Below are the entries to work from; restate word for word the portion that opens with the line containing "Ensure brevity in" and closes with the line containing "Offer a terse", keeping both.

Provided data section start

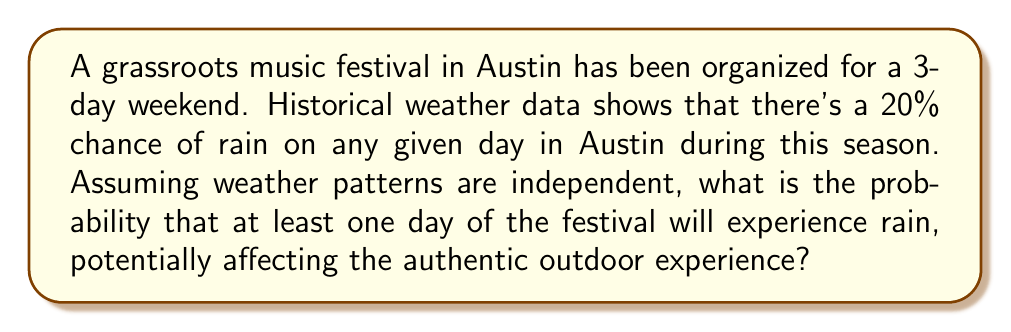Can you solve this math problem? Let's approach this step-by-step:

1) First, let's define our events:
   Let R be the event that it rains on a given day.
   P(R) = 0.20 (20% chance of rain on any day)

2) We want to find the probability of rain on at least one day out of three. It's easier to calculate the probability of the complement event: no rain on any of the three days.

3) The probability of no rain on a single day is:
   P(not R) = 1 - P(R) = 1 - 0.20 = 0.80

4) Since the weather patterns are assumed to be independent, we can use the multiplication rule. The probability of no rain for all three days is:
   P(no rain for 3 days) = $0.80 \times 0.80 \times 0.80 = 0.80^3 = 0.512$

5) Therefore, the probability of at least one day with rain is the complement of this:
   P(at least one day with rain) = 1 - P(no rain for 3 days)
                                  = $1 - 0.512 = 0.488$

6) Converting to a percentage:
   $0.488 \times 100\% = 48.8\%$

Thus, there is a 48.8% chance that at least one day of the festival will experience rain, potentially affecting the authentic outdoor experience.
Answer: 48.8% 
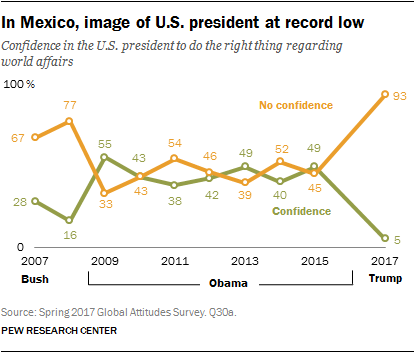List a handful of essential elements in this visual. In 2017, the difference between the No Confidence and Confidence values was 88. The Confidence value in the year 2017 was approximately 5. 
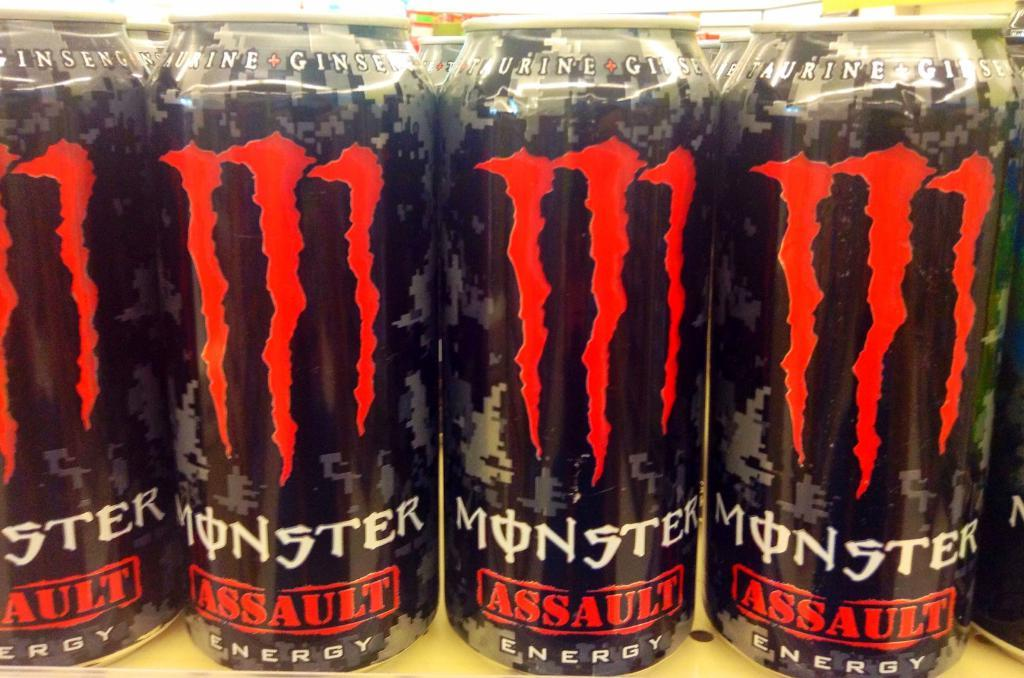<image>
Write a terse but informative summary of the picture. some MOnster drinks that are red and black 
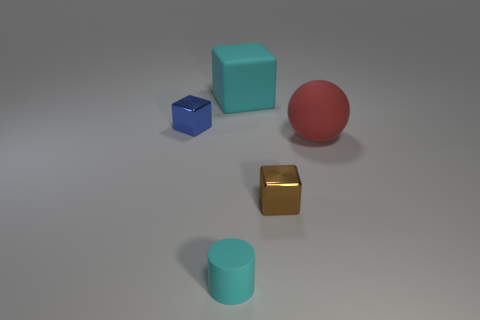There is a tiny metallic cube behind the large rubber object that is in front of the cube to the left of the cyan cylinder; what color is it?
Offer a very short reply. Blue. Is the number of big cyan cubes in front of the large red rubber object less than the number of rubber cubes?
Provide a succinct answer. Yes. Is the shape of the small shiny thing left of the cyan cylinder the same as the rubber thing that is on the right side of the large cyan matte object?
Provide a succinct answer. No. What number of things are either shiny blocks that are to the right of the tiny blue thing or large matte objects?
Your answer should be very brief. 3. There is a cube that is the same color as the rubber cylinder; what is its material?
Ensure brevity in your answer.  Rubber. Are there any blue blocks right of the cyan object that is in front of the small thing that is on the left side of the small matte cylinder?
Your answer should be very brief. No. Are there fewer brown metal blocks behind the matte cylinder than metal cubes that are to the left of the cyan cube?
Your answer should be compact. No. What is the color of the cylinder that is the same material as the big cube?
Offer a terse response. Cyan. What is the color of the cube that is to the left of the rubber object that is behind the small blue cube?
Make the answer very short. Blue. Are there any other cubes of the same color as the large block?
Give a very brief answer. No. 
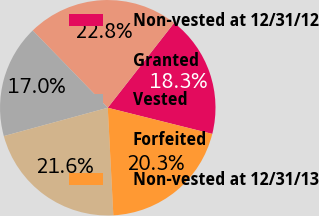Convert chart to OTSL. <chart><loc_0><loc_0><loc_500><loc_500><pie_chart><fcel>Non-vested at 12/31/12<fcel>Granted<fcel>Vested<fcel>Forfeited<fcel>Non-vested at 12/31/13<nl><fcel>18.34%<fcel>22.83%<fcel>16.97%<fcel>21.59%<fcel>20.27%<nl></chart>

Provided data section end

# Answer for this exercise:
Ensure brevity in your answer.  Rubber. Are there any blue blocks right of the cyan object that is in front of the small thing that is on the left side of the small matte cylinder?
Your answer should be very brief. No. Are there fewer brown metal blocks behind the matte cylinder than metal cubes that are to the left of the cyan cube?
Your answer should be compact. No. What is the color of the cylinder that is the same material as the big cube?
Offer a terse response. Cyan. What is the color of the cube that is to the left of the rubber object that is behind the small blue cube?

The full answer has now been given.